Grace, Hopper, NVSwitch detailed at Hot Chips


In four sessions over two days, senior NVIDIA engineers will describe innovations in accelerated computing for today’s data center and edge systems.

At a virtual Hot Chips event, an annual gathering of processor and system architects, they will announce performance numbers and other technical details for NVIDIA’s first server CPU, the Hopper GPU, the latest version of the NVSwitch interconnect chip, and the NVIDIA Jetson Orin System on Module (SoM).

The presentations offer new insights into how the NVIDIA platform will achieve new levels of performance, efficiency, scalability, and security.

In particular, the presentations will demonstrate a design philosophy of innovation across the entire stack of chips, systems and software, with GPUs, CPUs and DPUs acting as peer processors.
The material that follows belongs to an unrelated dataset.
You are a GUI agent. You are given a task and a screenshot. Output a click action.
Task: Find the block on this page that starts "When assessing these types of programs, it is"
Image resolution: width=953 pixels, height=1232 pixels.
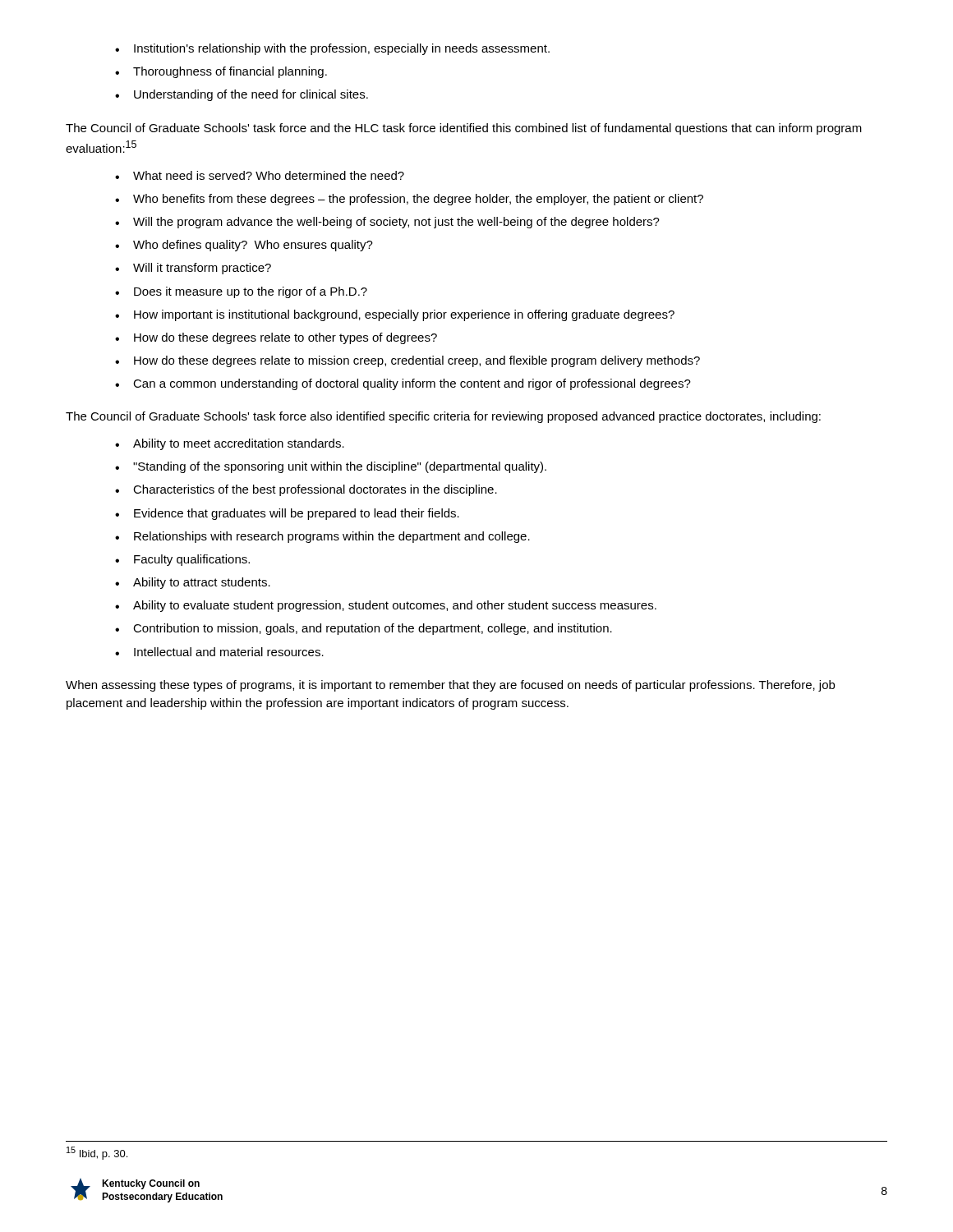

Together they are creating a platform that is already running AI, data analytics and high performance computing jobs in cloud service providers, supercomputing centers, enterprise data centers and autonomous systems.

Inside NVIDIA’s first server CPU

Data centers require flexible clusters of CPUs, GPUs, and other accelerators that share vast pools of memory to deliver the energy-efficient performance today’s workloads demand.

To address this need, Jonathon Evans, a respected engineer and 15-year veteran at NVIDIA, will describe the NVIDIA NVLink-C2C. It connects 900 gigabytes per second CPUs and GPUs with 5x the power efficiency of the existing PCIe Gen 5 standard, thanks to data transfers that consume just 1.3 picojoules per bit.

NVLink-C2C combines two CPU chips to create the NVIDIA Grace CPU with 144 Arm Neoverse cores. It’s a processor built to solve the world’s biggest computing problems.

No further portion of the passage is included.